# Way, Way Off Topic (rated G)



## Muskt (Jul 14, 2015)

I hope no one is offended by this "off topic" post.
This is a link to a live webcam near King Salmon, Alaska.  It is currently off-line---they have frequent outages due to remoteness & satellite issues.  Anyway, the Sockeye Salmon are "in" and attempting to get over the falls.  The Alaskan Brown Bears know this and are there to intercept the salmon.  I observed 8 bears at one time last night.  Last summer, I saw 14 at one time.   I really miss this type of thing, and REALLY miss real Salmon for dinner--I will not eat Atlantic Salmon.

Anyway, even when the camera is offline, they broadcast earlier taped videos.  It will say "Live" or "Offline" in the lower right corner of the video section.

Enjoy,

http://explore.org/live-cams/player/brown-bear-salmon-cam-brooks-falls

Jerry--Formerly of Alaska, now in Delaware


----------



## JimDawson (Jul 14, 2015)

Very cool!


----------



## RJSakowski (Jul 14, 2015)

Thanks for sharing!  With all the trash that is on the internet, this brings a welcome breath of fresh air.


----------



## Dracen knights (Jul 15, 2015)

thanks for sharing... there are 8 in one loctaion right now 5 in the second and none in the other 2 that show up..


----------



## Ed of all trades (Jul 15, 2015)

Thanks, I enjoyed it.


----------



## ch2co (Jul 15, 2015)

Greatly appreciated. If this is off topic, we are all the better for it.  Thanks

Chuck the grumpy old guy


----------



## davidh (Jul 15, 2015)

i  love the "information super highway".  so much to see, so little time. . . . .thanks for sharing


----------



## kvt (Jul 15, 2015)

Have been to King Salmon Ak,  and loved watching bears, and fish.   Best Salmon for me was a 65LB one in my first year there.   My daughter won a tournament with one that weighed about that the last year I was stationed in AK,   It weight about as much as she did, and almost went for a swim in the  Susitna river.   We had a small run on base, and the bears loved it.  you had to watch out,  at times I was not sure which was a bigger threat,  the first time fishers, or the bears.   Both were dangerous.   That just made me want to go back again.


----------



## Tony Wells (Jul 15, 2015)

Good footage. I watch a few webcams, according to season. Here's one site I like:

http://www.africam.com/wildlife/


----------



## Firestopper (Jul 15, 2015)

Really neat to watch, thanks for sharing.


----------



## Muskt (Jul 23, 2015)

Between 6 & 9 bears fishing at 9PM eastern time.
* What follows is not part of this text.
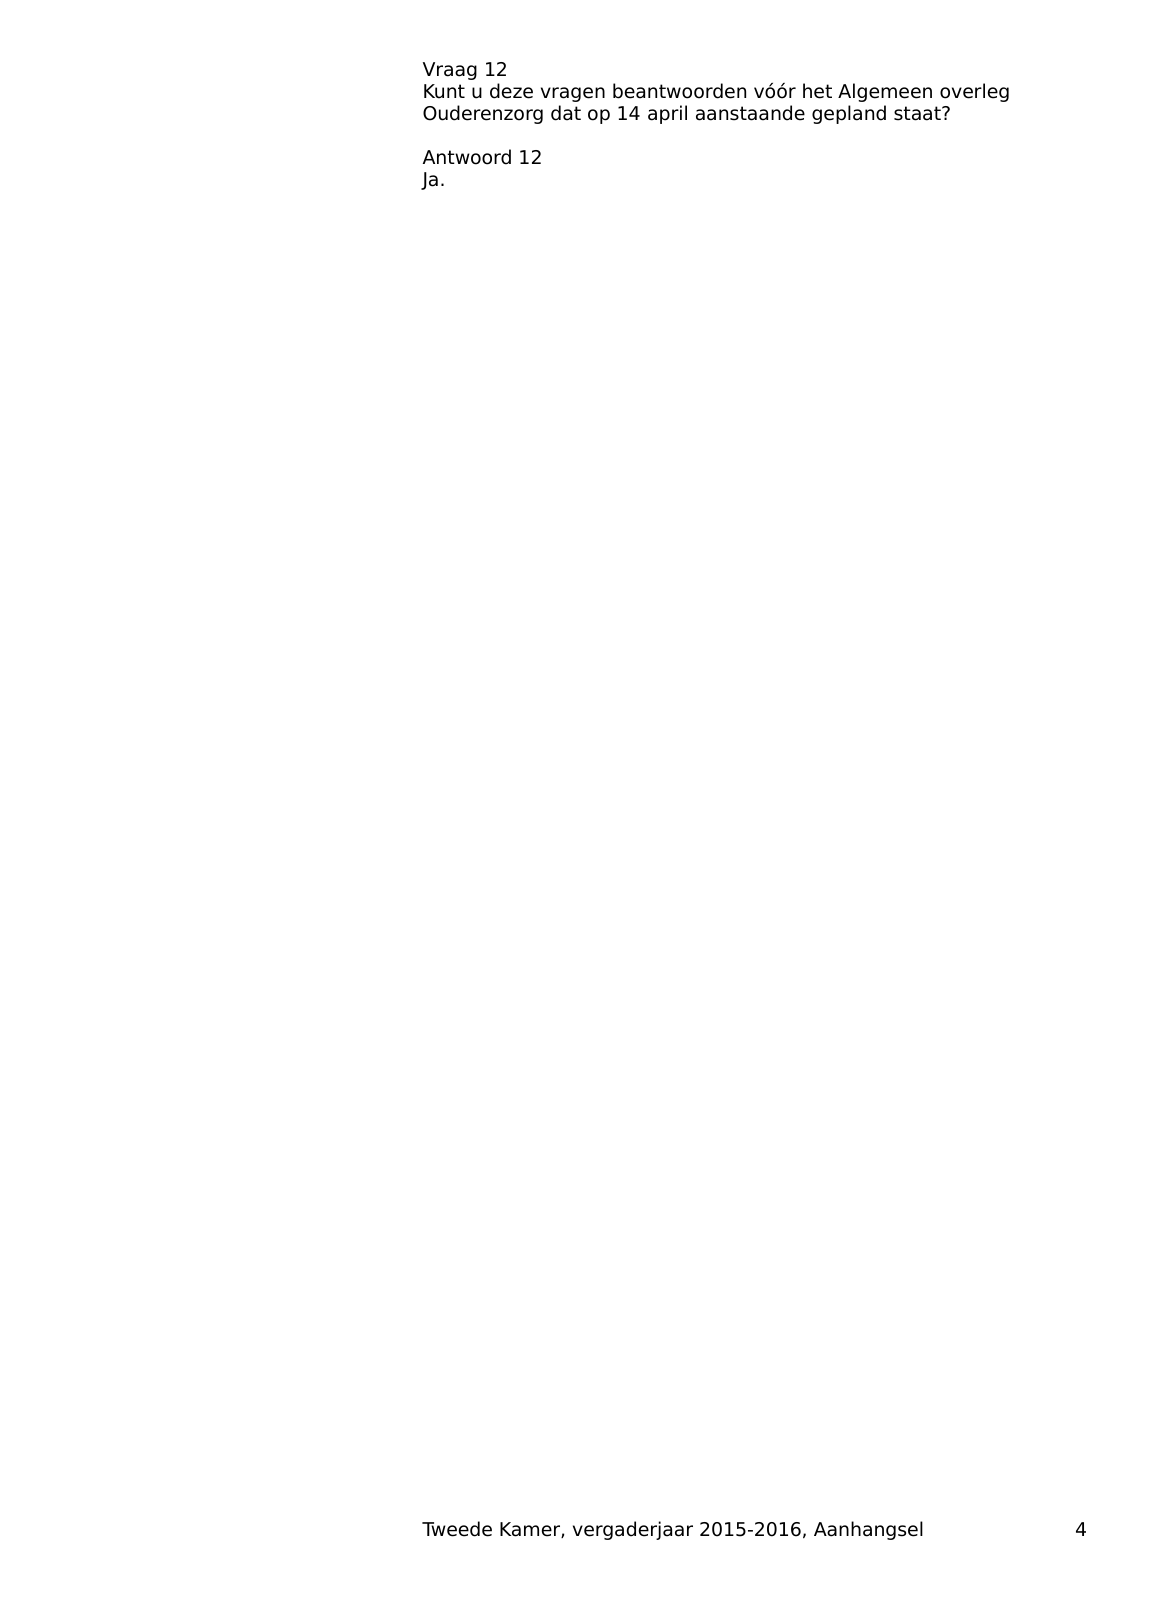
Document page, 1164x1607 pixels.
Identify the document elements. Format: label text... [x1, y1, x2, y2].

http://explore.org/live-cams/player/brown-bear-salmon-cam-brooks-falls


----------



## thomas s (Jul 23, 2015)

Thank you for posting this is great.


----------



## Belliger (Jul 24, 2015)

Thanks for the link, I did not know something like this was available. *bookmarked*


----------



## Tony Wells (Jul 25, 2015)

Caught this footage one morning:


----------



## jpfabricator (Jul 26, 2015)

Tony Wells said:


> Caught this footage one morning:


BWWWWWAAAAAAAAAHHHHHAAAAAAAAAHHHHHAAAAAAA!
Best laugh ive had all week!
Thank you Tony!

Sent from somewhere in East Texas Jake Parker


----------



## 4GSR (Jul 26, 2015)

A nice business friend on mine just came back from his yearly vacation him and his wife go on there in Alaska.  I sent this link to him, he said they were staying right across the street from where the bears were hanging out.  I would think, the state park is what he was talking about.  He said to go see the bears feeding is a big deal there.  You have to buy tickets months in advance and they are expensive!


----------